● Brief
Up to and including the line holding "Answer: 2008 to", write out the data exactly from its first line, but not the pictures.

___ Material provided ___

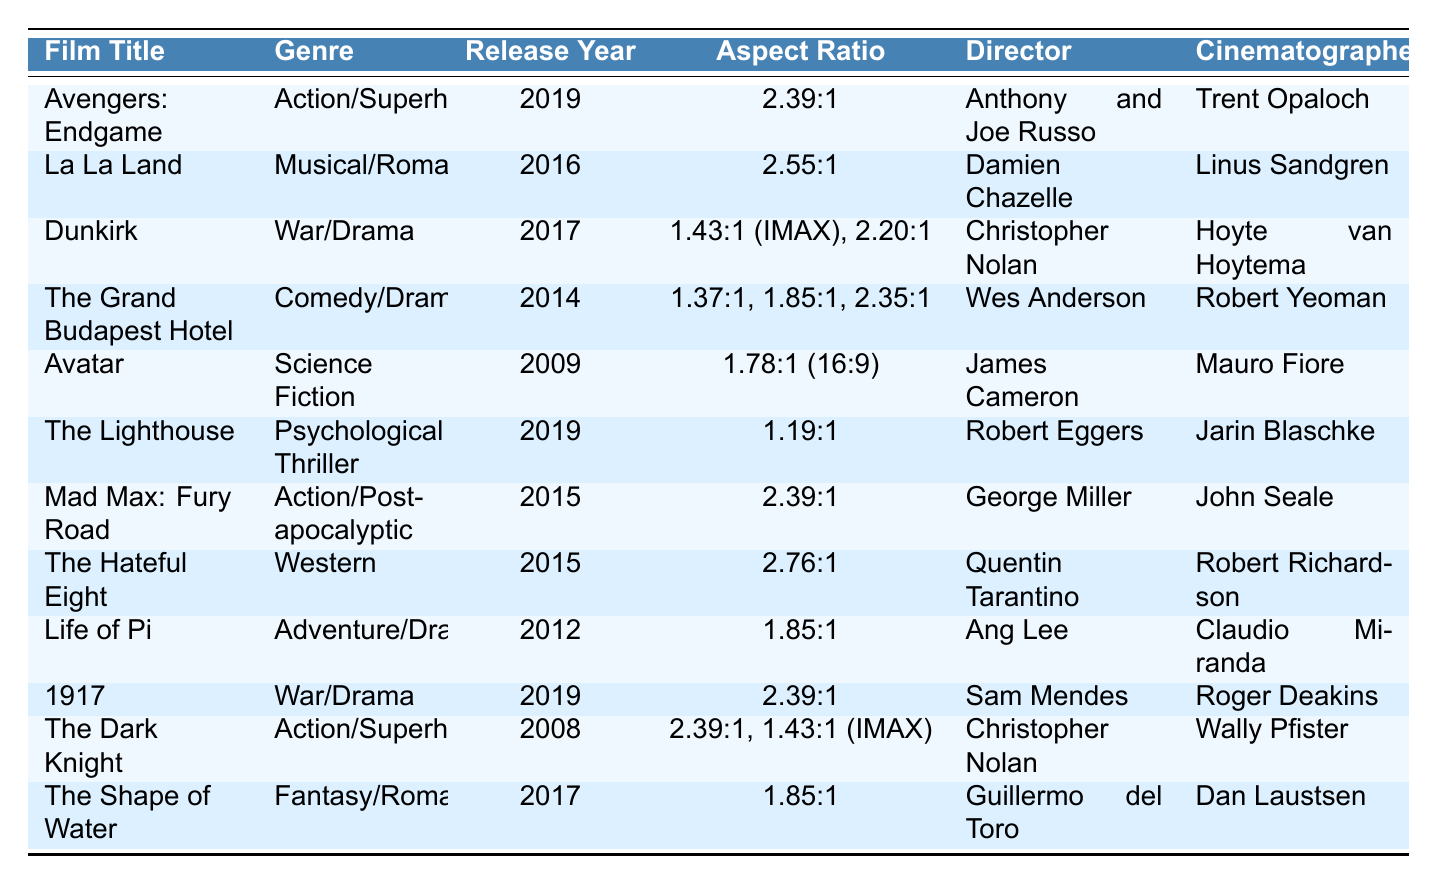What is the aspect ratio of "Avatar"? The table lists the aspect ratio of "Avatar" under the Aspect Ratio column, which is 1.78:1 (16:9).
Answer: 1.78:1 (16:9) Which film has the widest aspect ratio? By comparing the aspect ratios in the table, "The Hateful Eight" has the widest aspect ratio of 2.76:1.
Answer: 2.76:1 How many films listed have an aspect ratio of 2.39:1? Counting the entries in the Aspect Ratio column for 2.39:1, we find that there are four films: "Avengers: Endgame," "Mad Max: Fury Road," "1917," and "The Dark Knight."
Answer: 4 Is "Dunkirk" directed by Christopher Nolan? The table indicates that "Dunkirk" is indeed directed by Christopher Nolan.
Answer: Yes Which genres are represented by films with an aspect ratio of 1.85:1? Looking through the table, "Life of Pi" and "The Shape of Water" are both in genres (Adventure/Drama and Fantasy/Romance, respectively) with an aspect ratio of 1.85:1.
Answer: Adventure/Drama, Fantasy/Romance What is the release year range for films that use the aspect ratio of 2.39:1? The films with an aspect ratio of 2.39:1 include "Avengers: Endgame" (2019), "Mad Max: Fury Road" (2015), "1917" (2019), and "The Dark Knight" (2008). The release year range is 2008 to 2019.
Answer: 2008 to 2019 How many different aspect ratios are used in "The Grand Budapest Hotel"? The table shows that "The Grand Budapest Hotel" uses three different aspect ratios: 1.37:1, 1.85:1, and 2.35:1.
Answer: 3 Which director has the highest number of films listed in the table? The table shows that Christopher Nolan directed two films ("Dunkirk" and "The Dark Knight"), which is the highest number among the listed films.
Answer: Christopher Nolan What is the average aspect ratio of the films in the "Action/Superhero" genre? The films in this genre listed are "Avengers: Endgame" (2.39:1) and "The Dark Knight" (which has multiple ratios: 2.39:1 and 1.43:1). To find the average, convert these ratios to decimal (2.39 and 1.43) and average them. (2.39 + 2.39 + 1.43)/3 = 2.07 (approx).
Answer: 2.07 What percentage of the films listed are categorized as "War/Drama"? There are two films in the "War/Drama" category: "Dunkirk" and "1917". To find the percentage: (2/12) * 100 = 16.67%.
Answer: 16.67% Is there a film with an aspect ratio under 1.5:1? "The Lighthouse" has an aspect ratio of 1.19:1, which is under 1.5:1.
Answer: Yes

___

● Task solution
What is the aspect ratio of "Avatar"? The table lists the aspect ratio of "Avatar" under the Aspect Ratio column, which is 1.78:1 (16:9).
Answer: 1.78:1 (16:9) Which film has the widest aspect ratio? By comparing the aspect ratios in the table, "The Hateful Eight" has the widest aspect ratio of 2.76:1.
Answer: 2.76:1 How many films listed have an aspect ratio of 2.39:1? Counting the entries in the Aspect Ratio column for 2.39:1, we find that there are four films: "Avengers: Endgame," "Mad Max: Fury Road," "1917," and "The Dark Knight."
Answer: 4 Is "Dunkirk" directed by Christopher Nolan? The table indicates that "Dunkirk" is indeed directed by Christopher Nolan.
Answer: Yes Which genres are represented by films with an aspect ratio of 1.85:1? Looking through the table, "Life of Pi" and "The Shape of Water" are both in genres (Adventure/Drama and Fantasy/Romance, respectively) with an aspect ratio of 1.85:1.
Answer: Adventure/Drama, Fantasy/Romance What is the release year range for films that use the aspect ratio of 2.39:1? The films with an aspect ratio of 2.39:1 include "Avengers: Endgame" (2019), "Mad Max: Fury Road" (2015), "1917" (2019), and "The Dark Knight" (2008). The release year range is 2008 to 2019.
Answer: 2008 to 2019 How many different aspect ratios are used in "The Grand Budapest Hotel"? The table shows that "The Grand Budapest Hotel" uses three different aspect ratios: 1.37:1, 1.85:1, and 2.35:1.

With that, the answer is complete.